Extracted records

——————————

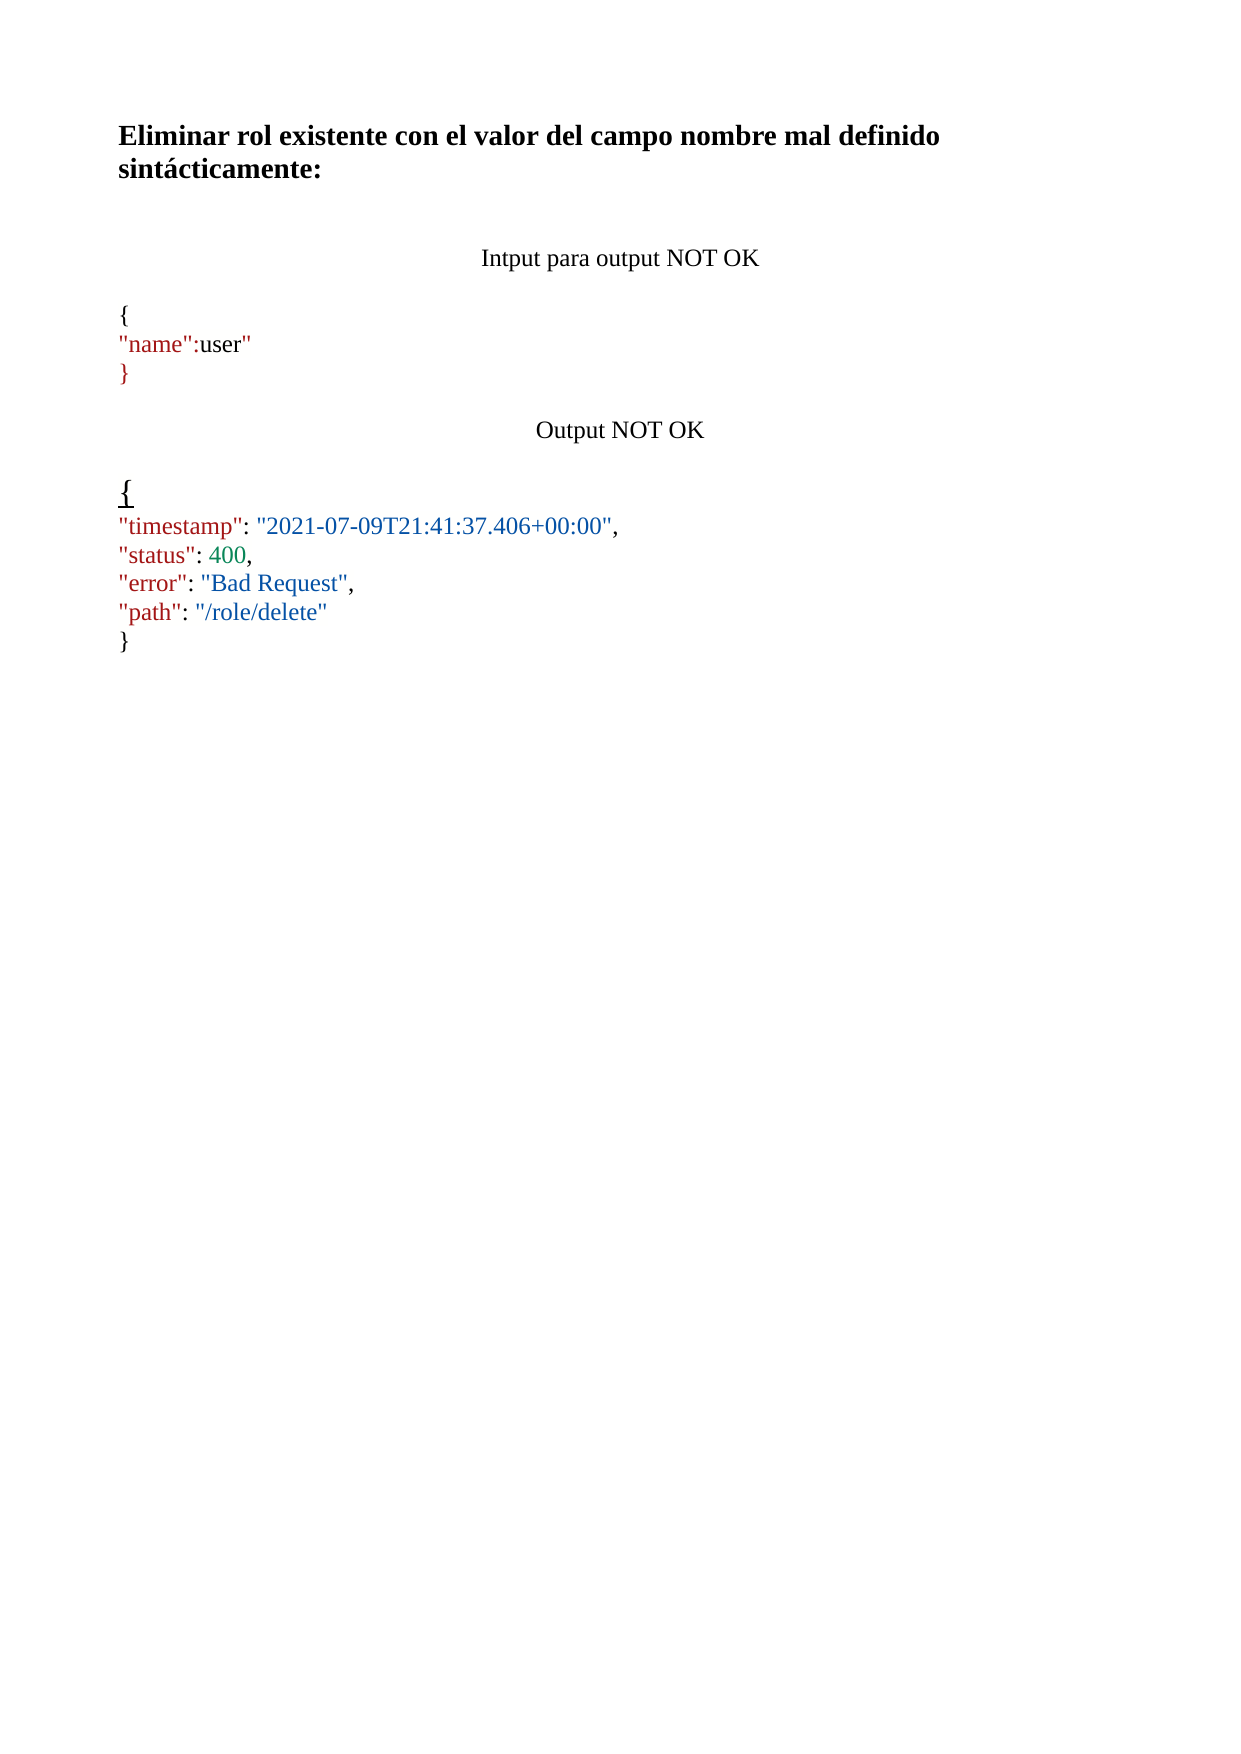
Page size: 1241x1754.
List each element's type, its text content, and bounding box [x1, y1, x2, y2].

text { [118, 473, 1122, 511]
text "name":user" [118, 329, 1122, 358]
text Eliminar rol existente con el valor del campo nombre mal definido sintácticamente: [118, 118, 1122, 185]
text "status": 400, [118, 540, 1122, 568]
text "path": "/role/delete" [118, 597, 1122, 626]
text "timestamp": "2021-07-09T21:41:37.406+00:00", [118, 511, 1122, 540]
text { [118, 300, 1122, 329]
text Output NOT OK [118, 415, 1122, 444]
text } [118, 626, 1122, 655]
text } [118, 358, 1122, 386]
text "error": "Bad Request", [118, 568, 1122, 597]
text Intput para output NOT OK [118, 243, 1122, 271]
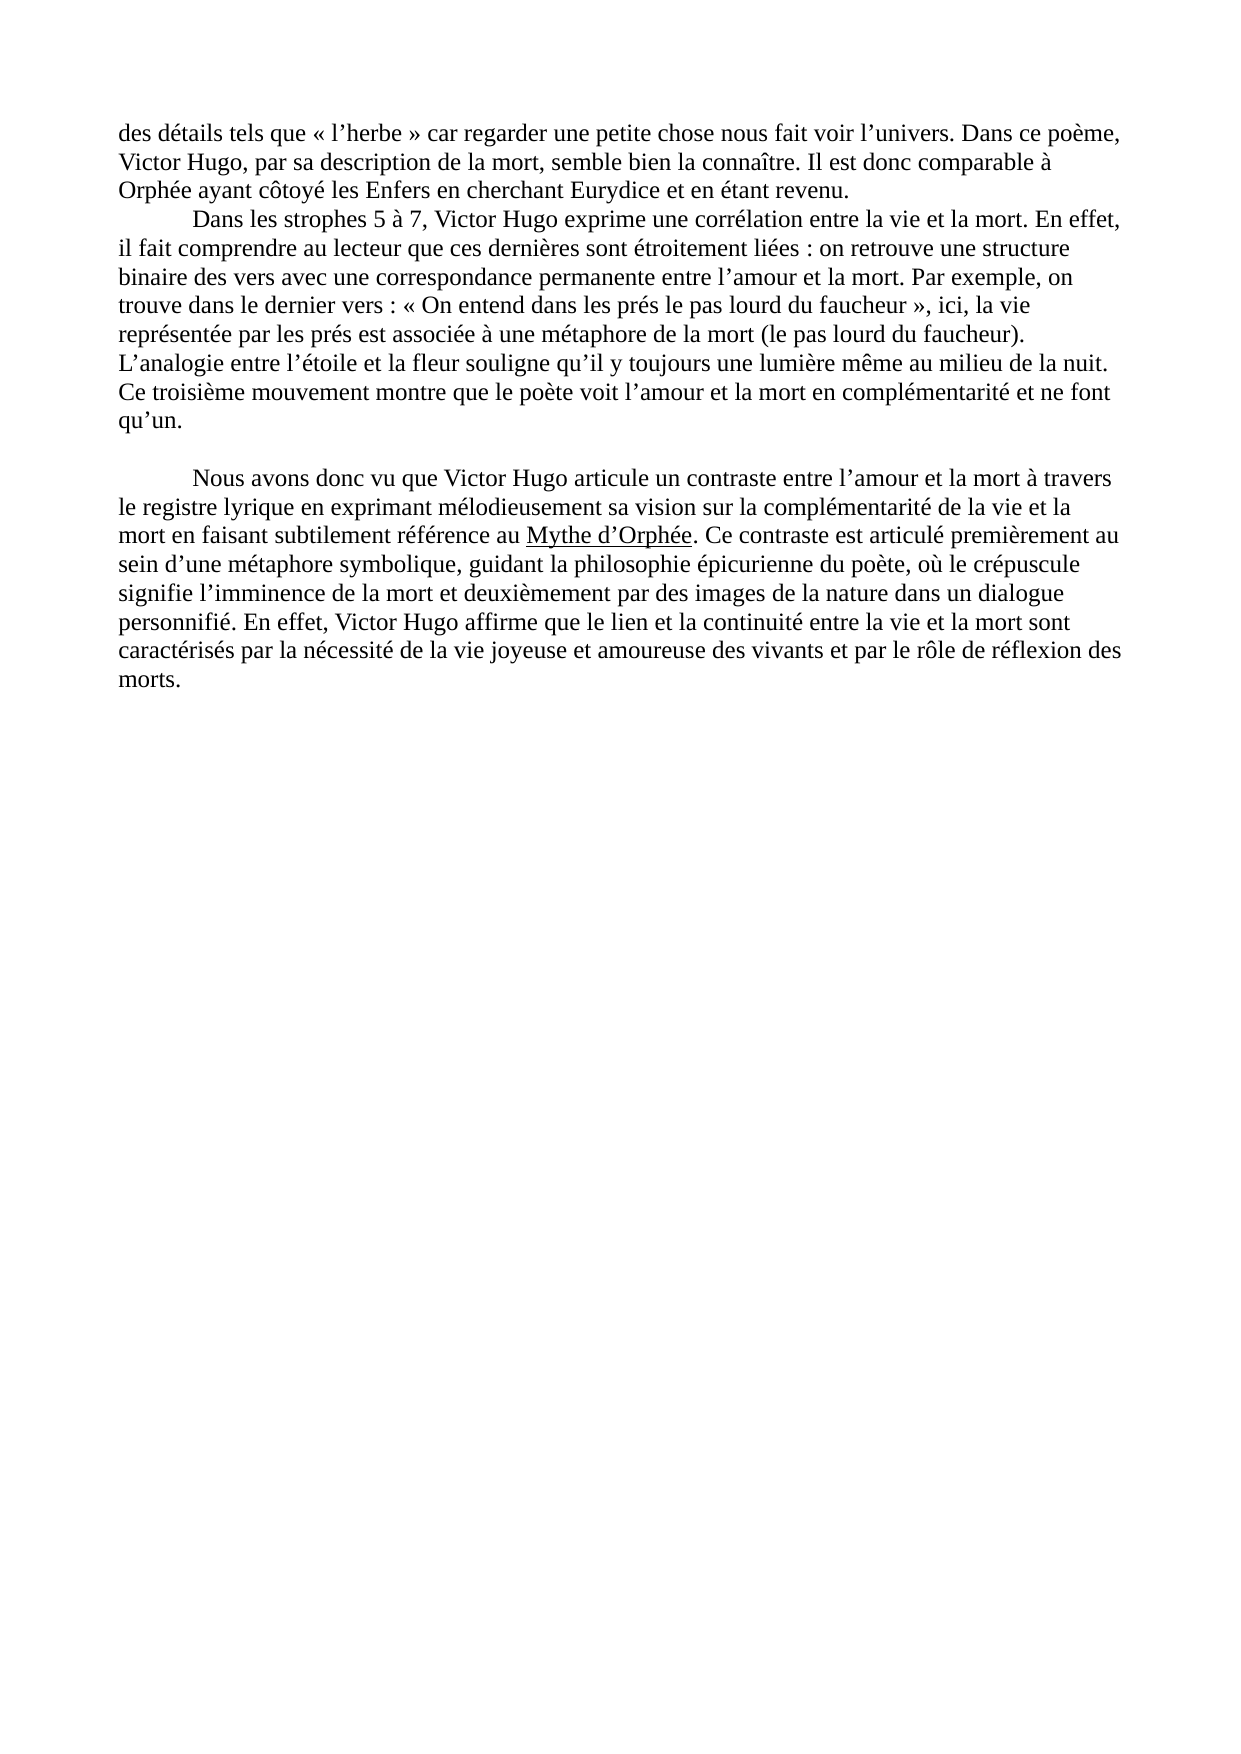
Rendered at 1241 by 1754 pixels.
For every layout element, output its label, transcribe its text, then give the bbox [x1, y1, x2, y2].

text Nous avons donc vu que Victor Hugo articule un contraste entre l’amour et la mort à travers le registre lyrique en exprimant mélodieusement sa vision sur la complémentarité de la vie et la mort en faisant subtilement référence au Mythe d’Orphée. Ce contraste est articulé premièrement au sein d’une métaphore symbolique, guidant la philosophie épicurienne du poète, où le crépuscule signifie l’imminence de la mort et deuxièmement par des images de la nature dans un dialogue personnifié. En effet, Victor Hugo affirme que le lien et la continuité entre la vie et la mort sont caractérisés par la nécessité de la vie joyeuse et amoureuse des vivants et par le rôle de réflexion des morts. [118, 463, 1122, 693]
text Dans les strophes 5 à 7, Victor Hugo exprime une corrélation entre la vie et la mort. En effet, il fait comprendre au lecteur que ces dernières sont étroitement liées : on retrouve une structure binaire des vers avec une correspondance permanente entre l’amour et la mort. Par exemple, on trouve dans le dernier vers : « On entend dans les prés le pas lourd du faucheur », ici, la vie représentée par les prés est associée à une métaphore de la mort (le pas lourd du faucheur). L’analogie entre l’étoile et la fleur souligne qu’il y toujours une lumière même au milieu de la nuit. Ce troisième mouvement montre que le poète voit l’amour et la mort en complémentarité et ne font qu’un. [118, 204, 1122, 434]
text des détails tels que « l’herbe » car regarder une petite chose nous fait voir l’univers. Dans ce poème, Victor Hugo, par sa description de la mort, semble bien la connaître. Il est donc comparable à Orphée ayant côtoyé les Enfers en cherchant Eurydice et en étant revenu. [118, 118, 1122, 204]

——————————

# [Description of the task]
The data above must be written out again without alteration, and the pictures in them must be excluded.

# [Solved exercise]
Page size: 1241x1754.
List each element's type, its text content, and bounding box [x1, y1, x2, y2].

text { [118, 473, 1122, 511]
text "name":user" [118, 329, 1122, 358]
text Eliminar rol existente con el valor del campo nombre mal definido sintácticamente: [118, 118, 1122, 185]
text "status": 400, [118, 540, 1122, 568]
text "path": "/role/delete" [118, 597, 1122, 626]
text "timestamp": "2021-07-09T21:41:37.406+00:00", [118, 511, 1122, 540]
text { [118, 300, 1122, 329]
text Output NOT OK [118, 415, 1122, 444]
text } [118, 626, 1122, 655]
text } [118, 358, 1122, 386]
text "error": "Bad Request", [118, 568, 1122, 597]
text Intput para output NOT OK [118, 243, 1122, 271]
Rendered at 1241 by 1754 pixels.
For every layout element, output its label, transcribe its text, then give the bbox [x1, y1, x2, y2].

text Nous avons donc vu que Victor Hugo articule un contraste entre l’amour et la mort à travers le registre lyrique en exprimant mélodieusement sa vision sur la complémentarité de la vie et la mort en faisant subtilement référence au Mythe d’Orphée. Ce contraste est articulé premièrement au sein d’une métaphore symbolique, guidant la philosophie épicurienne du poète, où le crépuscule signifie l’imminence de la mort et deuxièmement par des images de la nature dans un dialogue personnifié. En effet, Victor Hugo affirme que le lien et la continuité entre la vie et la mort sont caractérisés par la nécessité de la vie joyeuse et amoureuse des vivants et par le rôle de réflexion des morts. [118, 463, 1122, 693]
text Dans les strophes 5 à 7, Victor Hugo exprime une corrélation entre la vie et la mort. En effet, il fait comprendre au lecteur que ces dernières sont étroitement liées : on retrouve une structure binaire des vers avec une correspondance permanente entre l’amour et la mort. Par exemple, on trouve dans le dernier vers : « On entend dans les prés le pas lourd du faucheur », ici, la vie représentée par les prés est associée à une métaphore de la mort (le pas lourd du faucheur). L’analogie entre l’étoile et la fleur souligne qu’il y toujours une lumière même au milieu de la nuit. Ce troisième mouvement montre que le poète voit l’amour et la mort en complémentarité et ne font qu’un. [118, 204, 1122, 434]
text des détails tels que « l’herbe » car regarder une petite chose nous fait voir l’univers. Dans ce poème, Victor Hugo, par sa description de la mort, semble bien la connaître. Il est donc comparable à Orphée ayant côtoyé les Enfers en cherchant Eurydice et en étant revenu. [118, 118, 1122, 204]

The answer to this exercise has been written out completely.